Driven by geopolitics, regulation, and accelerating AI adoption, digital sovereignty has moved to the top of the executive agenda. However, improving digital independence and resilience without reducing competitiveness and efficiency is not easy. In this Viewpoint, we propose a practical, tiered approach that balances control, resilience, and competitiveness, embedding effective sovereignty management as an operational capability.
WHY DIGITAL SOVEREIGNTY NEEDS ADDRESSING NOW
Rising geopolitical tensions, tighter regulation, and rapid AI adoption are pushing digital sovereignty to the forefront of the corporate agenda (see the recent Arthur D. Little [ADL] PRISM article “Cloud Control: Rethinking Digital Dependence in the Age of AI”). As organizations become more dependent on external cloud platforms, AI models, digital infrastructure, and software ecosystems, the risk of lock-in to specific vendors, technologies, and jurisdictions increases. This challenge becomes more urgent as AI evolves from a productivity tool into a core operational layer that increasingly plans, coordinates, and optimizes enterprise workflows. Once agentic and embedded AI systems become deeply integrated into business processes, requirements such as portability, auditability, resilience, explainability, and exit capability become significantly harder and more expensive to retrofit.
At the same time, geopolitical fragmentation and regulation are accelerating sovereignty concerns. In Europe, proposed cybersecurity legislation could restrict “high-risk” suppliers from critical infrastructure sectors, potentially forcing operators to redesign systems and replace technologies across industries such as telecoms, cloud services, and energy. Similar pressures are emerging globally as governments place greater emphasis on national security, strategic autonomy, and data governance. Organizations, therefore, must define governance standards, guardrails, and exit options now, before AI industrialization embeds long-term dependencies into critical operations.
Digital sovereignty, however, goes far beyond cloud-location or sourcing decisions. It requires building long-term resilience and maintaining control over critical digital assets and operational processes in an environment where regulations, sanctions, supplier behavior, and geopolitical conditions are constantly shifting. Many organizations underestimate their “sovereignty debt” — hidden dependencies on vendors, jurisdictions, and subcontractors that are difficult to unwind.
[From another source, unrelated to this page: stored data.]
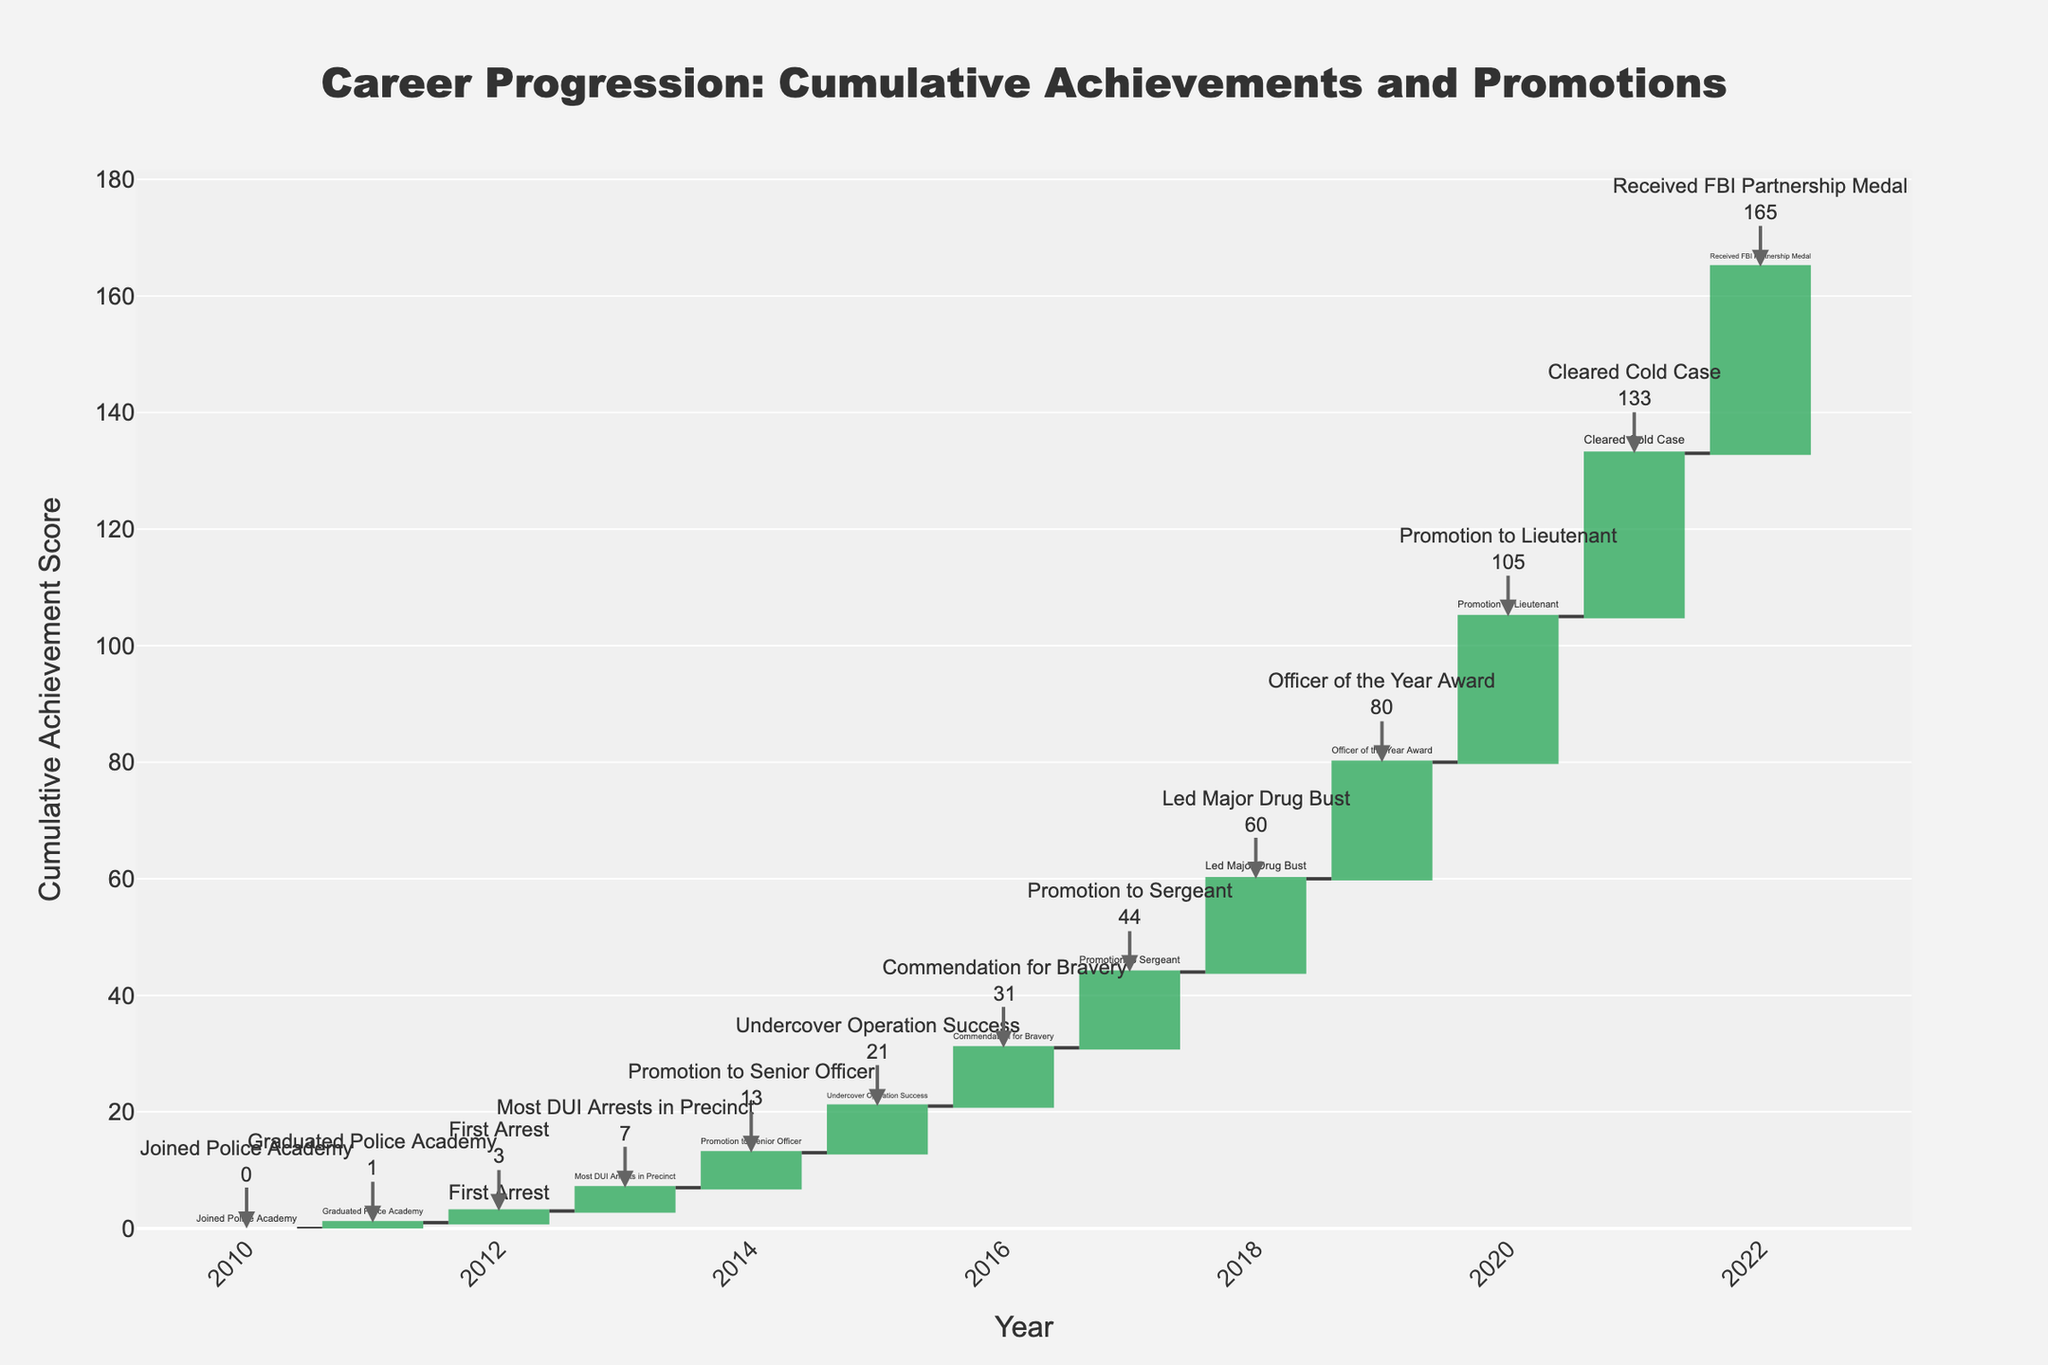What is the title of the figure? The title of the figure is clearly written at the top of the chart. It reads "Career Progression: Cumulative Achievements and Promotions"
Answer: Career Progression: Cumulative Achievements and Promotions What does the y-axis represent in this chart? The y-axis of the waterfall chart is labeled as "Cumulative Achievement Score," which means it shows the cumulative sum of achievements over the years.
Answer: Cumulative Achievement Score In which year was "Promotion to Senior Officer" achieved? By following the annotations and the x-axis, we can see that the "Promotion to Senior Officer" is achieved in the year 2014.
Answer: 2014 What is the cumulative achievement score after the "Officer of the Year Award"? According to the chart annotation for the "Officer of the Year Award," the cumulative achievement score after this event is 20.
Answer: 20 Which achievement contributed the most to the cumulative score increase and by how much? By looking at the height of the incremental bars, "Promotion to Lieutenant" in 2020 contributed the most with an increment of 5 to the cumulative score (from 20 to 25).
Answer: Promotion to Lieutenant, 5 What is the first achievement recorded on the chart? The first bar in the chart is labeled "Joined Police Academy" in the year 2010 with a zero-value start.
Answer: Joined Police Academy How many promotions are shown in this career progression pathway? By counting the occurrences of the word "Promotion" in the annotations, we find there are four promotions: to Senior Officer, Sergeant, Lieutenant, and another unspecified promotion.
Answer: 4 What is the cumulative achievement score in 2018 after leading a major drug bust? From the annotation and the chart label for 2018, the cumulative achievement score after "Led Major Drug Bust" is 16.
Answer: 16 Compare the cumulative achievement score from 2016 to 2020. By how much did it increase? In 2016, the score is noted as 10 for "Commendation for Bravery," and in 2020, it is 25 after "Promotion to Lieutenant." So, the increase is 25 - 10 = 15.
Answer: 15 What is the average cumulative achievement score from 2011 to 2015? From the annotations between these years: 1 (2011), 2 (2012), 4 (2013), 6 (2014), 8 (2015). Sum is 1+2+4+6+8 = 21. There are 5 years, so the average is 21/5 = 4.2.
Answer: 4.2

These vulnerabilities often become visible only during crises, leading to downtime, rushed migrations, increased costs, operational disruption, and reduced strategic flexibility.
ASPECTS & TRADE-OFFS TO CONSIDER
Digital sovereignty extends far beyond cloud-region selection. Organizations are increasingly exposed to a broad and growing range of dependencies, including applications, data platforms, identity and security services, continuous integration and continuous delivery/deployment pipelines, API ecosystems, AI services, foundation models, and specialized infrastructure like GPUs. Each layer raises different sovereignty questions: where control resides, which jurisdictions apply, what cross-border data flows exist, and which third parties may gain access under what conditions. Three interdependent dimensions are particularly important: data sovereignty, system sovereignty, and decision sovereignty (see Figure 1).
Data sovereignty concerns where data resides, who owns it, and the legal regimes governing access. System sovereignty focuses on control over infrastructure, networks, portability, and reliance on third-party platforms. Decision sovereignty is the most strategic dimension: retaining the ability to make, adapt, and enforce key technology choices as geopolitical, regulatory, or commercial conditions change. Sovereignty is therefore not a binary state, but a set of deliberate control choices across the digital stack.
At the same time, sovereignty inevitably involves trade-offs. Alternatives to the dominant global technology providers are expanding, particularly in Europe, across cloud, productivity, and privacy-focused services. Choices are now becoming available from different regions across all layers of the technology stack (see Figure 2).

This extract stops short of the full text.